The coordinator of the Alstom Europe unions, Mrs Francine Blanche, was telling me yesterday evening that the employees were naturally pleased about the Commission’s approval, in principle, of the rescue plan. However, they remember the many warnings given by their elected representatives, warnings that have never been taken seriously at any level. They are not about to agree to be the victims of this rescue now. Mrs Blanche gave me to understand that, since his appointment in January of this year, the new chairman of the group, Mr Kron, had devoted no more than two hours to discussions with the European representatives of the employees. Such arrogance is no longer tolerable. The need is enormous, and the demands are loud for those employees to exercise their rights as employees.
Already, Commissioner, Alstom’s European trades union coordinators are asking to be received, heard and listened to by the Commission. In the meantime, they will have studied the plan in detail and will be in a position to propose measures to achieve savings which will not take the form of job losses. That is what will happen in the immediate future.
After that, this enormously important affair places certain major questions squarely on the agenda of the debate on the future of the European Union. I shall mention three of these.

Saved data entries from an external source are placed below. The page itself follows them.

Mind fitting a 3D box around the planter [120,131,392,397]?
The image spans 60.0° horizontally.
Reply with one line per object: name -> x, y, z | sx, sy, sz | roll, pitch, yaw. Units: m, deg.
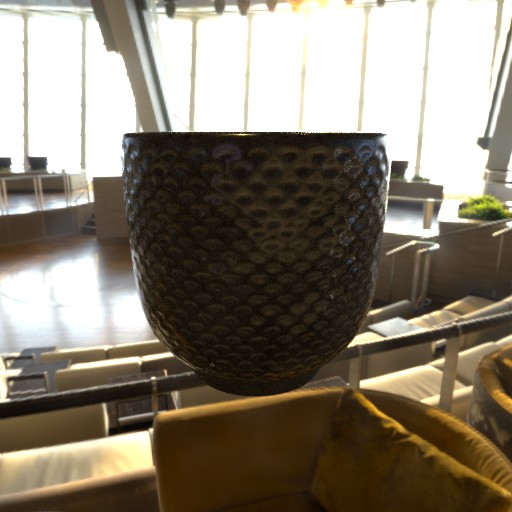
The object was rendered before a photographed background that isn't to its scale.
planter -> 0.000, 0.000, 0.355 | 0.197, 0.191, 0.197 | 0, 15, 0
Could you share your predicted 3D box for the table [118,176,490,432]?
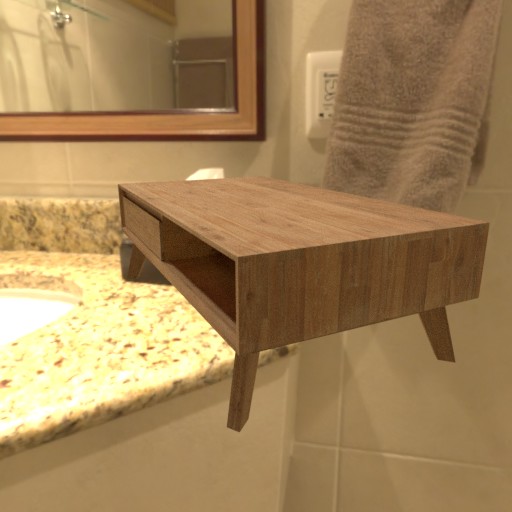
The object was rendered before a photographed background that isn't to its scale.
[{"bbox_3d":[0.000,0.000,2.028,0.918,0.531,1.619,-8,18,-25],"label":"table"}]
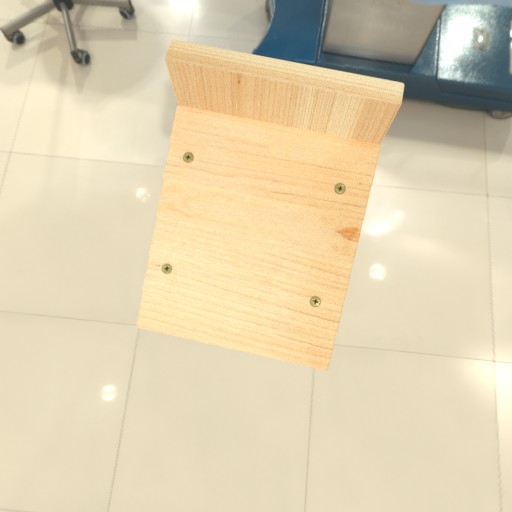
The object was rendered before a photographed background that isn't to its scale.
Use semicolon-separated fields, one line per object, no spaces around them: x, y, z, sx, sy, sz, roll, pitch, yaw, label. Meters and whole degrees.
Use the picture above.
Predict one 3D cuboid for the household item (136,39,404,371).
0.000;0.000;0.394;0.149;0.300;0.171;12;75;3;household item
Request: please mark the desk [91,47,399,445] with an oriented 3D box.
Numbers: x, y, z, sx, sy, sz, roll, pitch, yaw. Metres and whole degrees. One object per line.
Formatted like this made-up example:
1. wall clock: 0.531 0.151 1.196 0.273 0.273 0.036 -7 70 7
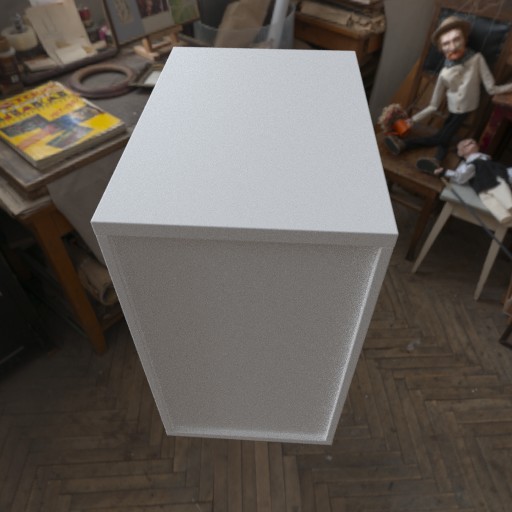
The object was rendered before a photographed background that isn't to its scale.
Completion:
1. desk: 0.000 0.000 1.049 0.404 0.730 0.600 2 46 2
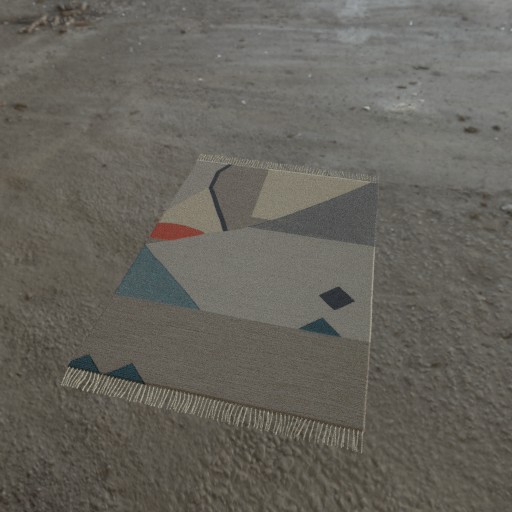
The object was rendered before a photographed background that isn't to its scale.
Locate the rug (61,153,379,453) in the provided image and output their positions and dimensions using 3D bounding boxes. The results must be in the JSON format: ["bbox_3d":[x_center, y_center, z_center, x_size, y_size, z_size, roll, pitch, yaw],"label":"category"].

The first of these issues is the social dialogue, or rather the essential new rights of employees. Those timid and dust-covered directives on informing and consulting workers and on the European Works Council must be revised. Real rights must be established, even the right to suspend a restructuring plan so as to enable a second expert opinion to be obtained and all the available options considered.
The second issue is that European industrial policy does not exist. All that exists is a race for state aids in the name of the competition rules. Yet in the present case, conversely, if there had not been any state aids, world economic competition would have been seriously distorted, given, on the one hand, what would be left of European industries in the strategic sectors of energy and the railways and, on the other, American giants such as General Electric, or those of Japan such as Mitsubishi.
Thirdly, the democratic functioning of the Union makes it necessary to review the discretionary powers granted to the Commission in competition matters. It is essential that the social partners, the national parliaments and, of course, Parliament should have their say as regards the criteria to be met, the objectives to be assigned, and the controls to be exercised. Where would have been the legitimacy, in the minds of our fellow citizens, in implementing the Commission’s initial threat to refuse the rescue plan for a strategic business which employs 118 000 people?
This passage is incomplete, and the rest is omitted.